The idea is simple. The context lives in a filesystem vault, using readable files such as Markdown and JSON. Inside that vault you can keep logs, decisions, action items, resources, work files, assistant instructions, and automations. The vault can be versioned with Git, inspected outside the UI, and used by external AI clients through MCP.
Assistants and automations work with path-level read and write scopes, because if AI can read and write inside the team’s context, it needs clear boundaries.

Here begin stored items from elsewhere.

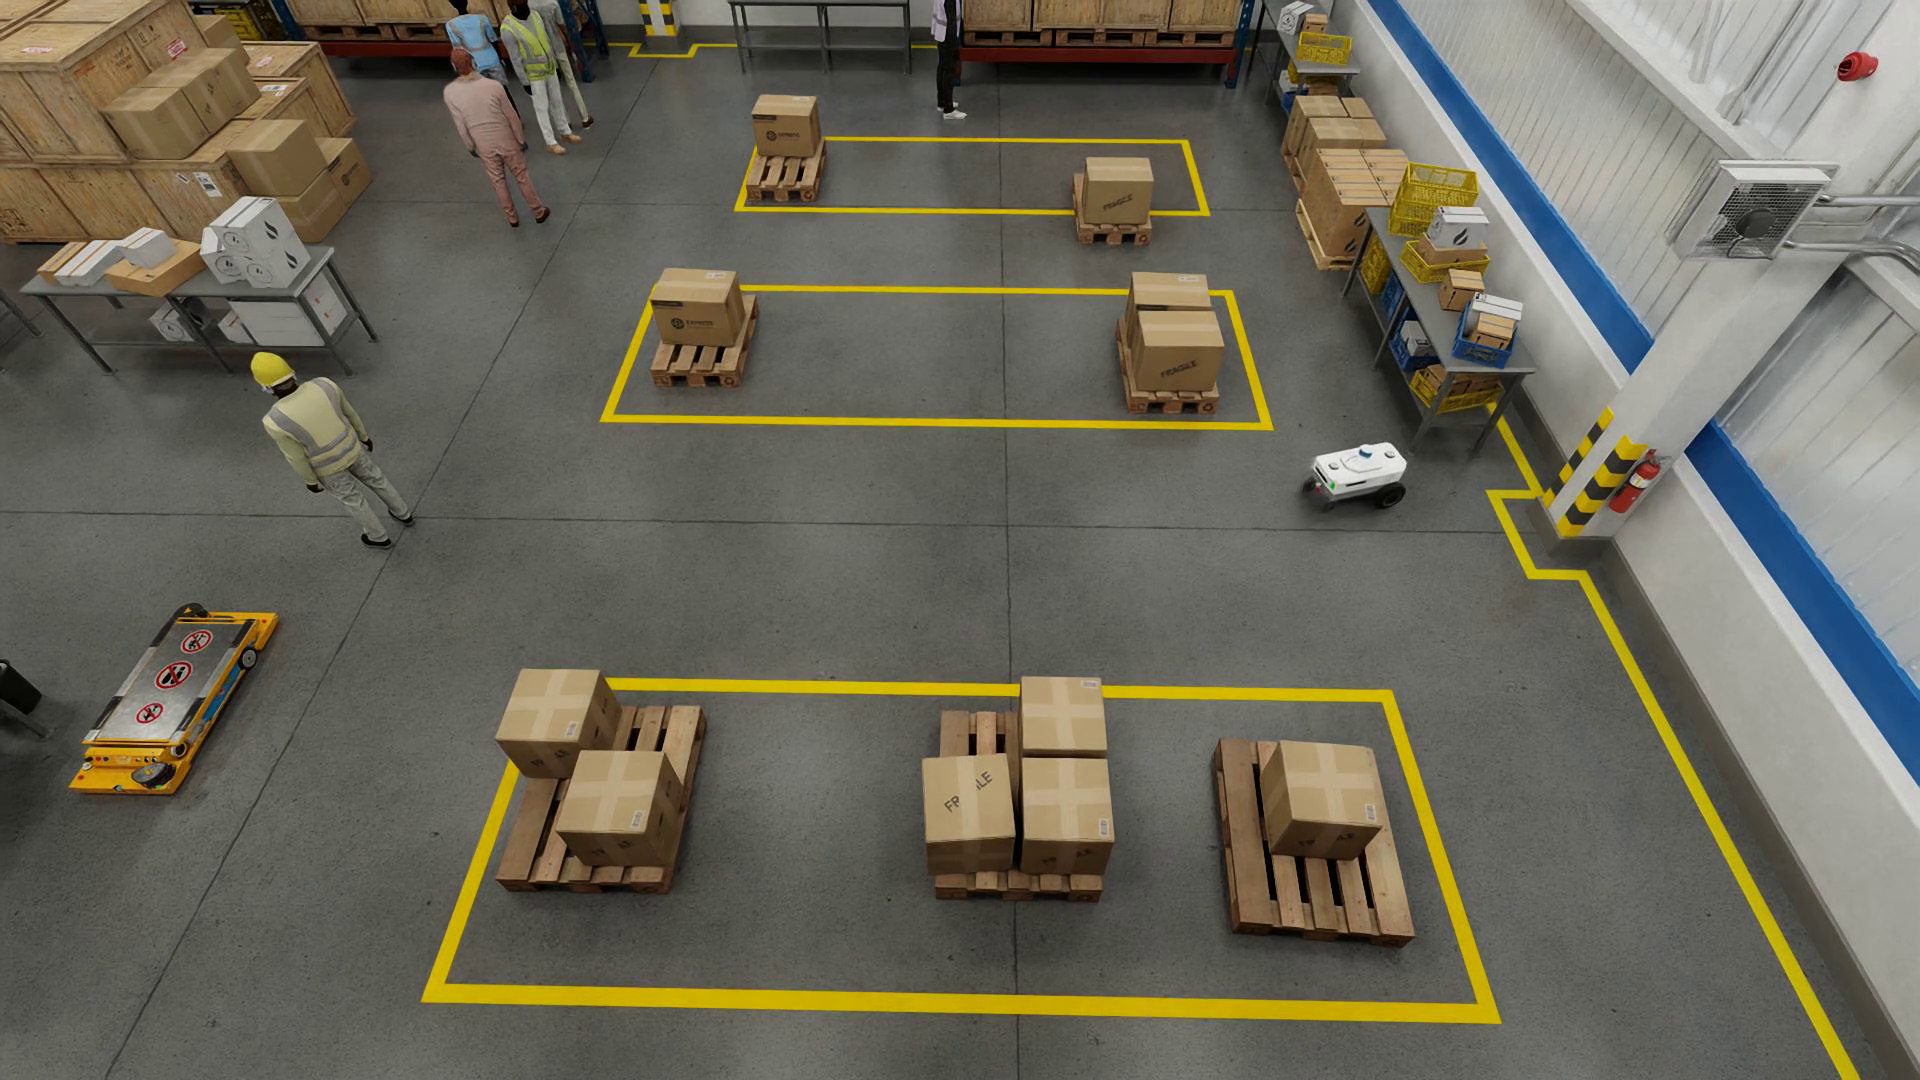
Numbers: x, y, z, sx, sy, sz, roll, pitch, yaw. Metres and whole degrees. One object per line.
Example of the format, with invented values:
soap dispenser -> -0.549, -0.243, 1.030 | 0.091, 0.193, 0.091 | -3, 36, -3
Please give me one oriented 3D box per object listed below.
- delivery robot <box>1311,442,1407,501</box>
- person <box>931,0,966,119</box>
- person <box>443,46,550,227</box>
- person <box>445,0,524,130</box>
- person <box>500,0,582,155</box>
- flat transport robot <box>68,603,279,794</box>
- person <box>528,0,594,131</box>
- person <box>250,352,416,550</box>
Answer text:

These are practical choices.
Readable files, because context should remain accessible. Git, because team memory should be versionable. Local-first and self-hosted, because operational context should not become another piece of data trapped inside a closed platform. MCP, because agents should not depend only on the product UI. Scopes and logs, because AI should be able to act, but not as an unbounded actor.
Devsync is not trying to be another AI chat, another wiki, or another task tracker. Those categories describe pieces of the problem, not the whole problem.
The whole problem is sync.
Keeping people, decisions, files, action items, assistants, automations, and agents aligned around a sufficiently reliable representation of the current state of work.
Devsync is open source. The code is available on GitHub: github.com/caporro/devsync.
The Hard Part Is Sync
AI is making teams faster. But precisely because it makes them faster, staying aligned becomes more expensive.
The hard part is no longer only producing work.
It is syncing the right context, at the right time, across every actor involved in the work: people, assistants, automations, and agents.